▶ EXERCISE INSTRUCTIONS
Output every entry exactly as it appears.

══════════

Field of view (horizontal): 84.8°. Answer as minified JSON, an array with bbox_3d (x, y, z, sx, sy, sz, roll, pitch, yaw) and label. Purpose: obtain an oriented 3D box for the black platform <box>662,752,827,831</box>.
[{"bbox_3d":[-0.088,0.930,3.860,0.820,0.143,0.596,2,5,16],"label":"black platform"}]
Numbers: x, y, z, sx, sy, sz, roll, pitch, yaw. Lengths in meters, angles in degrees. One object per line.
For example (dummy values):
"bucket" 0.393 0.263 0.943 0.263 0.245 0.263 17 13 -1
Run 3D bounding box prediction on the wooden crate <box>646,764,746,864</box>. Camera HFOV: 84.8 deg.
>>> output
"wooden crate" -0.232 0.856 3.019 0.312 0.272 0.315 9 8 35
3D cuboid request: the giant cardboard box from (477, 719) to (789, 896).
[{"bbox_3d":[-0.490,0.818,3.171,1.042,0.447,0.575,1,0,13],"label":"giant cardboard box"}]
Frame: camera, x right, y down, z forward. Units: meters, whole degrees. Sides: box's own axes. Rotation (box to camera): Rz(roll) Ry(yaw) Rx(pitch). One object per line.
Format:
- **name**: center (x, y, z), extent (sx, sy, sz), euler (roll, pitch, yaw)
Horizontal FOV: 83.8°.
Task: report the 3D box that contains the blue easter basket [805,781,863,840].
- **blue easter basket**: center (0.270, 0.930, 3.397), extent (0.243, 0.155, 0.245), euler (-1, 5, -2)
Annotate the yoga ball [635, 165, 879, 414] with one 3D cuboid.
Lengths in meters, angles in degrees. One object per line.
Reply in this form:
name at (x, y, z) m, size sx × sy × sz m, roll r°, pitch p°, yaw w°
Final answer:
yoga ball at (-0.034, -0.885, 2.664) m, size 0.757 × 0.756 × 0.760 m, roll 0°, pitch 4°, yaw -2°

══════════

▶ TASK ANSWER
Field of view (horizontal): 84.8°. Answer as minified JSON, an array with bbox_3d (x, y, z, sx, sy, sz, roll, pitch, yaw) and label. Purpose: obtain an oriented 3D box for the black platform <box>662,752,827,831</box>.
[{"bbox_3d":[-0.088,0.930,3.860,0.820,0.143,0.596,2,5,16],"label":"black platform"}]
Numbers: x, y, z, sx, sy, sz, roll, pitch, yaw. Lengths in meters, angles in degrees. One object per line.
For example (dummy values):
"bucket" 0.393 0.263 0.943 0.263 0.245 0.263 17 13 -1
Run 3D bounding box prediction on the wooden crate <box>646,764,746,864</box>. Camera HFOV: 84.8 deg.
>>> output
"wooden crate" -0.232 0.856 3.019 0.312 0.272 0.315 9 8 35
3D cuboid request: the giant cardboard box from (477, 719) to (789, 896).
[{"bbox_3d":[-0.490,0.818,3.171,1.042,0.447,0.575,1,0,13],"label":"giant cardboard box"}]
Frame: camera, x right, y down, z forward. Units: meters, whole degrees. Sides: box's own axes. Rotation (box to camera): Rz(roll) Ry(yaw) Rx(pitch). One object per line.
Format:
- **name**: center (x, y, z), extent (sx, sy, sz), euler (roll, pitch, yaw)
Horizontal FOV: 83.8°.
Task: report the 3D box that contains the blue easter basket [805,781,863,840].
- **blue easter basket**: center (0.270, 0.930, 3.397), extent (0.243, 0.155, 0.245), euler (-1, 5, -2)
Annotate the yoga ball [635, 165, 879, 414] with one 3D cuboid.
Lengths in meters, angles in degrees. One object per line.
Reply in this form:
name at (x, y, z) m, size sx × sy × sz m, roll r°, pitch p°, yaw w°
Final answer:
yoga ball at (-0.034, -0.885, 2.664) m, size 0.757 × 0.756 × 0.760 m, roll 0°, pitch 4°, yaw -2°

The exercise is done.